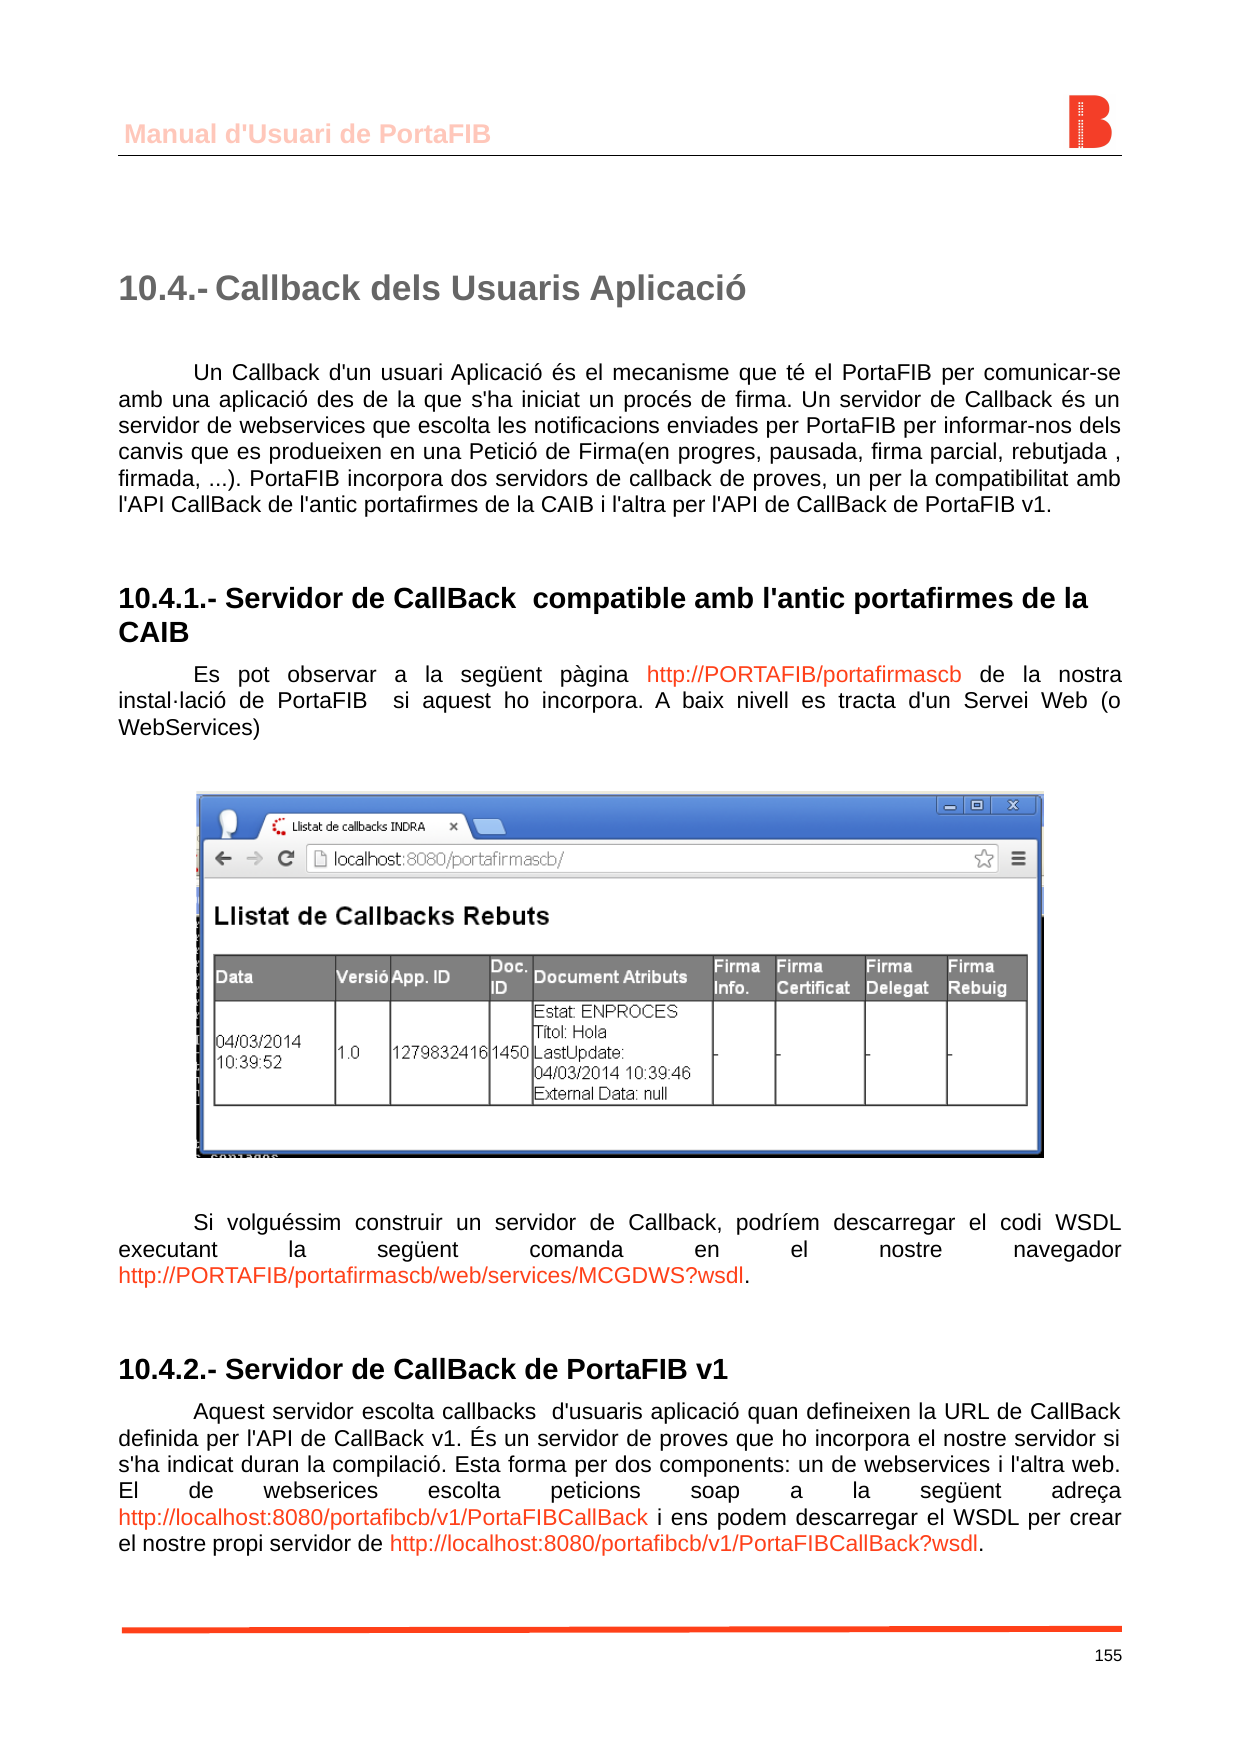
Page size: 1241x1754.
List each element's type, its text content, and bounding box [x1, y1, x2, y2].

text Es pot observar a la següent pàgina http://PORTAFIB/portafirmascb de la nostra instal·lació de PortaFIB si aquest ho incorpora. A baix nivell es tracta d'un Servei Web (o WebServices) [118, 661, 1122, 740]
text Aquest servidor escolta callbacks d'usuaris aplicació quan defineixen la URL de CallBack definida per l'API de CallBack v1. És un servidor de proves que ho incorpora el nostre servidor si s'ha indicat duran la compilació. Esta forma per dos components: un de webservices i l'altra web. El de webserices escolta peticions soap a la següent adreça http://localhost:8080/portafibcb/v1/PortaFIBCallBack i ens podem descarregar el WSDL per crear el nostre propi servidor de http://localhost:8080/portafibcb/v1/PortaFIBCallBack?wsdl. [118, 1398, 1122, 1556]
subtitle Servidor de CallBack compatible amb l'antic portafirmes de la CAIB [118, 581, 1122, 648]
picture [196, 791, 1044, 1158]
text Si volguéssim construir un servidor de Callback, podríem descarregar el codi WSDL executant la següent comanda en el nostre navegador http://PORTAFIB/portafirmascb/web/services/MCGDWS?wsdl. [118, 1209, 1122, 1288]
text Un Callback d'un usuari Aplicació és el mecanisme que té el PortaFIB per comunicar-se amb una aplicació des de la que s'ha iniciat un procés de firma. Un servidor de Callback és un servidor de webservices que escolta les notificacions enviades per PortaFIB per informar-nos dels canvis que es produeixen en una Petició de Firma(en progres, pausada, firma parcial, rebutjada , firmada, ...). PortaFIB incorpora dos servidors de callback de proves, un per la compatibilitat amb l'API CallBack de l'antic portafirmes de la CAIB i l'altra per l'API de CallBack de PortaFIB v1. [118, 359, 1122, 517]
subtitle Callback dels Usuaris Aplicació [118, 267, 1122, 308]
subtitle Servidor de CallBack de PortaFIB v1 [118, 1352, 1122, 1386]
picture [1063, 94, 1117, 150]
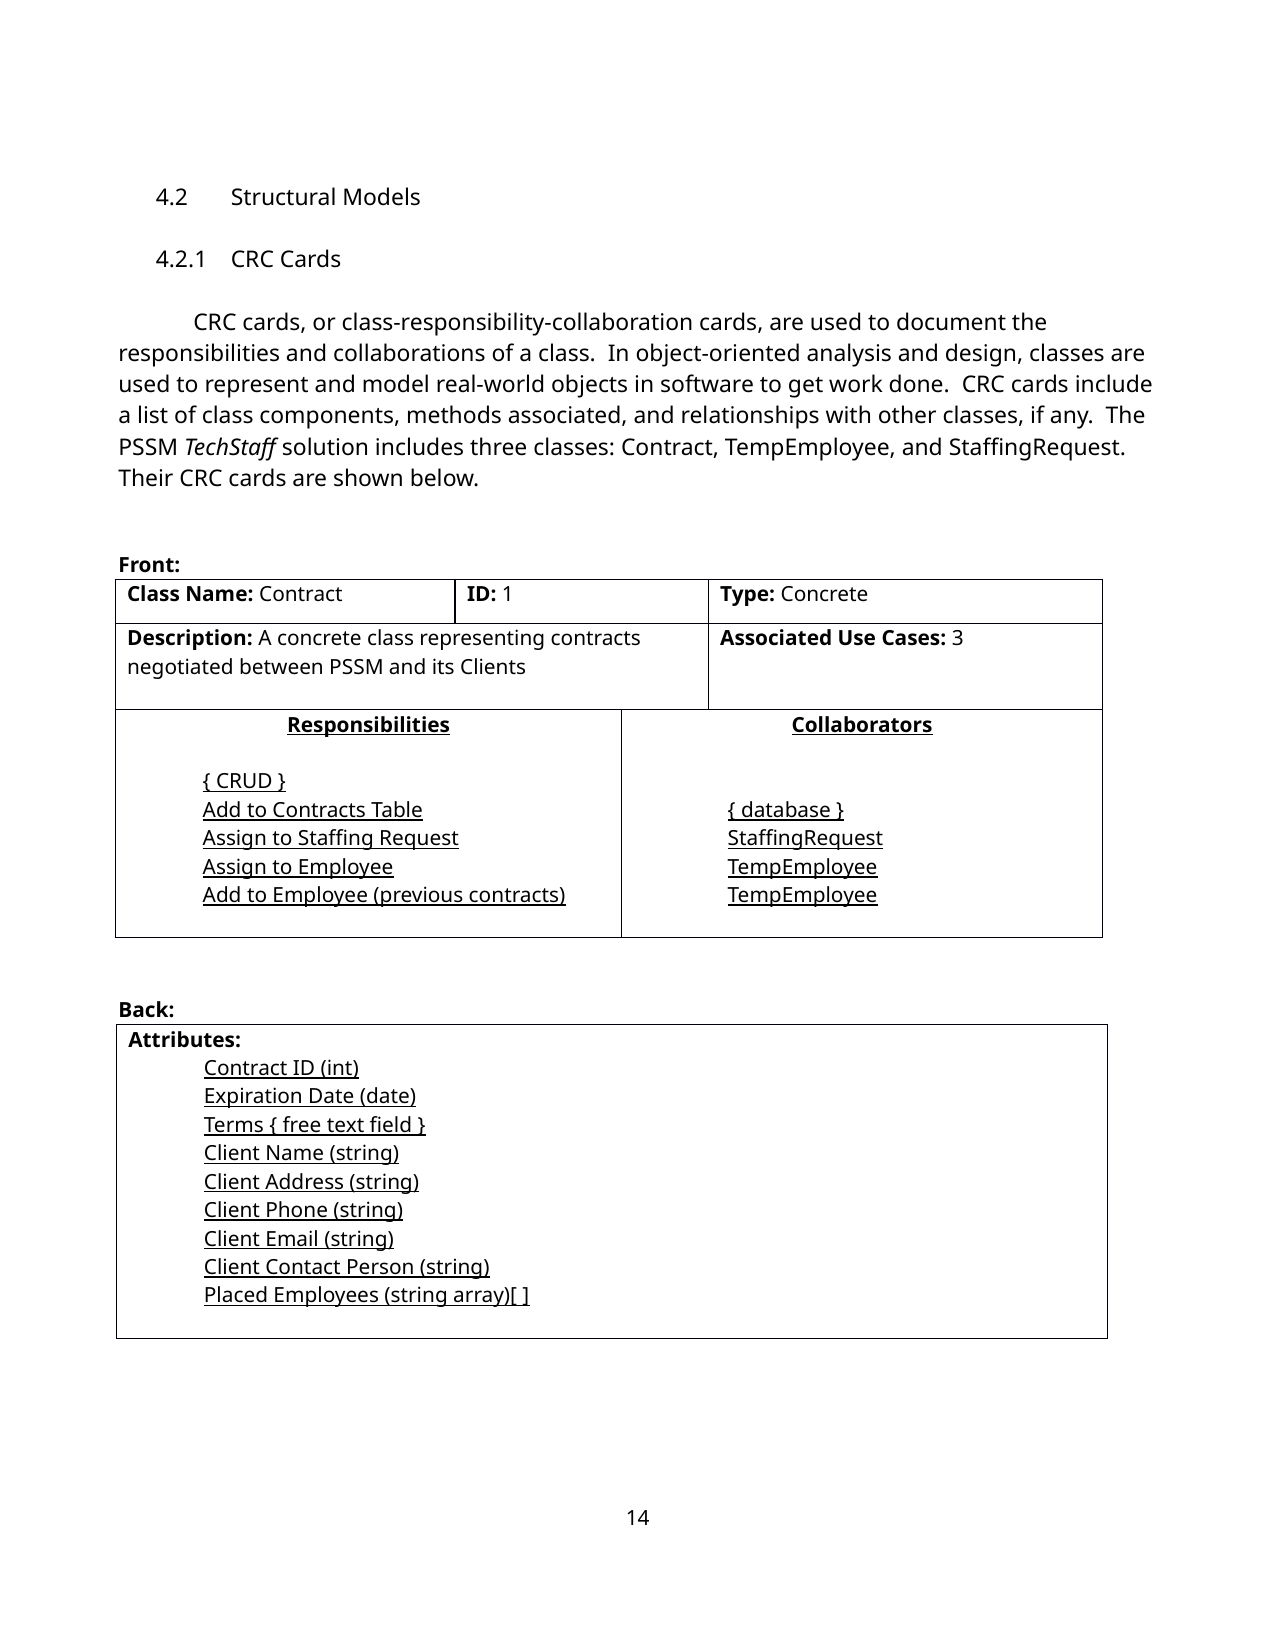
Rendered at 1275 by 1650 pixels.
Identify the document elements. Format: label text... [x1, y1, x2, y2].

text 4.2 Structural Models [118, 181, 1157, 212]
text 4.2.1 CRC Cards [118, 243, 1157, 274]
table_cell Collaborators { database } StaffingRequest TempEmployee TempEmployee [622, 710, 1102, 937]
text CRC cards, or class-responsibility-collaboration cards, are used to document the responsibilities and collaborations of a class. In object-oriented analysis and design, classes are used to represent and model real-world objects in software to get work done. CRC cards include a list of class components, methods associated, and relationships with other classes, if any. The PSSM TechStaff solution includes three classes: Contract, TempEmployee, and StaffingRequest. Their CRC cards are shown below. [118, 306, 1157, 493]
table_cell Description: A concrete class representing contracts negotiated between PSSM and its Clients [116, 624, 708, 709]
text Front: [118, 550, 1157, 578]
text Back: [118, 995, 1157, 1024]
table_header Class Name: Contract [116, 580, 454, 622]
table_header Type: Concrete [709, 580, 1102, 622]
table_cell Associated Use Cases: 3 [709, 624, 1102, 709]
table_header Attributes: Contract ID (int) Expiration Date (date) Terms { free text field } Client Name (string) Client Address (string) Client Phone (string) Client Email (string) Client Contact Person (string) Placed Employees (string array)[ ] [117, 1025, 1107, 1337]
table_header ID: 1 [456, 580, 708, 622]
table_cell Responsibilities { CRUD } Add to Contracts Table Assign to Staffing Request Assign to Employee Add to Employee (previous contracts) [116, 710, 621, 937]
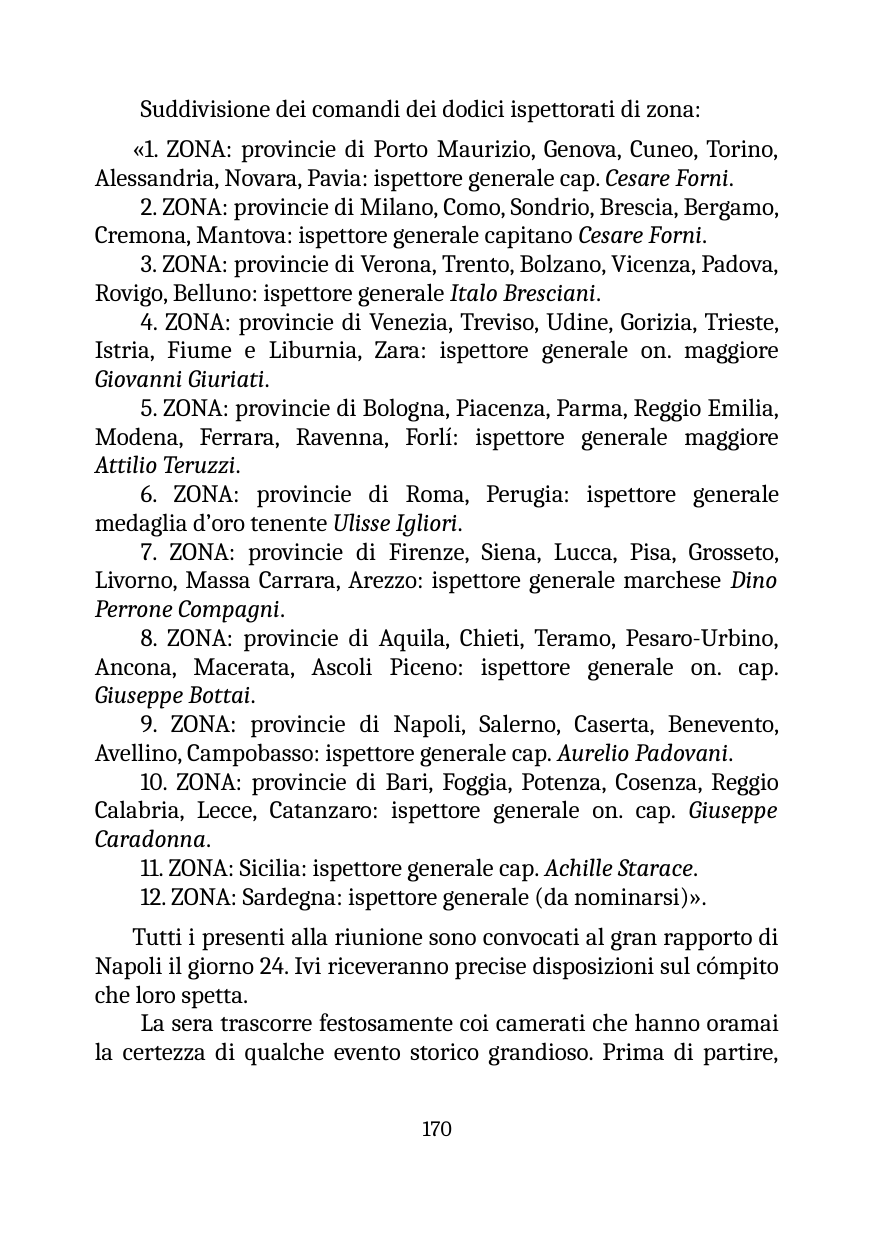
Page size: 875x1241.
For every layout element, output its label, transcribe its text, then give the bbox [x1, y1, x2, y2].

text 11. ZONA: Sicilia: ispettore generale cap. Achille Starace. [94, 854, 779, 882]
text Tutti i presenti alla riunione sono convocati al gran rapporto di Napoli il giorno 24. Ivi riceveranno precise disposizioni sul cómpito che loro spetta. [94, 923, 779, 1009]
text Suddivisione dei comandi dei dodici ispettorati di zona: [94, 94, 779, 123]
text 8. ZONA: provincie di Aquila, Chieti, Teramo, Pesaro-Urbino, Ancona, Macerata, Ascoli Piceno: ispettore generale on. cap. Giuseppe Bottai. [94, 624, 779, 710]
text 4. ZONA: provincie di Venezia, Treviso, Udine, Gorizia, Trieste, Istria, Fiume e Liburnia, Zara: ispettore generale on. maggiore Giovanni Giuriati. [94, 307, 779, 394]
text 6. ZONA: provincie di Roma, Perugia: ispettore generale medaglia d’oro tenente Ulisse Igliori. [94, 480, 779, 537]
text 5. ZONA: provincie di Bologna, Piacenza, Parma, Reggio Emilia, Modena, Ferrara, Ravenna, Forlí: ispettore generale maggiore Attilio Teruzzi. [94, 394, 779, 480]
text 12. ZONA: Sardegna: ispettore generale (da nominarsi)». [94, 882, 779, 911]
text 7. ZONA: provincie di Firenze, Siena, Lucca, Pisa, Grosseto, Livorno, Massa Carrara, Arezzo: ispettore generale marchese Dino Perrone Compagni. [94, 537, 779, 624]
text 9. ZONA: provincie di Napoli, Salerno, Caserta, Benevento, Avellino, Campobasso: ispettore generale cap. Aurelio Padovani. [94, 710, 779, 767]
text «1. ZONA: provincie di Porto Maurizio, Genova, Cuneo, Torino, Alessandria, Novara, Pavia: ispettore generale cap. Cesare Forni. [94, 135, 779, 192]
text 2. ZONA: provincie di Milano, Como, Sondrio, Brescia, Bergamo, Cremona, Mantova: ispettore generale capitano Cesare Forni. [94, 192, 779, 250]
text La sera trascorre festosamente coi camerati che hanno oramai la certezza di qualche evento storico grandioso. Prima di partire, [94, 1009, 779, 1067]
text 3. ZONA: provincie di Verona, Trento, Bolzano, Vicenza, Padova, Rovigo, Belluno: ispettore generale Italo Bresciani. [94, 250, 779, 307]
text 10. ZONA: provincie di Bari, Foggia, Potenza, Cosenza, Reggio Calabria, Lecce, Catanzaro: ispettore generale on. cap. Giuseppe Caradonna. [94, 767, 779, 854]

» **WHAT TO PRODUCE**
Set down precisely the lines above between the line holding "subtitle Servidor de CallBack compatible" and the line holding "subtitle Callback dels", inclusive, and nothing beyond them.

» **ANSWER SPACE**
subtitle Servidor de CallBack compatible amb l'antic portafirmes de la CAIB [118, 581, 1122, 648]
picture [196, 791, 1044, 1158]
text Si volguéssim construir un servidor de Callback, podríem descarregar el codi WSDL executant la següent comanda en el nostre navegador http://PORTAFIB/portafirmascb/web/services/MCGDWS?wsdl. [118, 1209, 1122, 1288]
text Un Callback d'un usuari Aplicació és el mecanisme que té el PortaFIB per comunicar-se amb una aplicació des de la que s'ha iniciat un procés de firma. Un servidor de Callback és un servidor de webservices que escolta les notificacions enviades per PortaFIB per informar-nos dels canvis que es produeixen en una Petició de Firma(en progres, pausada, firma parcial, rebutjada , firmada, ...). PortaFIB incorpora dos servidors de callback de proves, un per la compatibilitat amb l'API CallBack de l'antic portafirmes de la CAIB i l'altra per l'API de CallBack de PortaFIB v1. [118, 359, 1122, 517]
subtitle Callback dels Usuaris Aplicació [118, 267, 1122, 308]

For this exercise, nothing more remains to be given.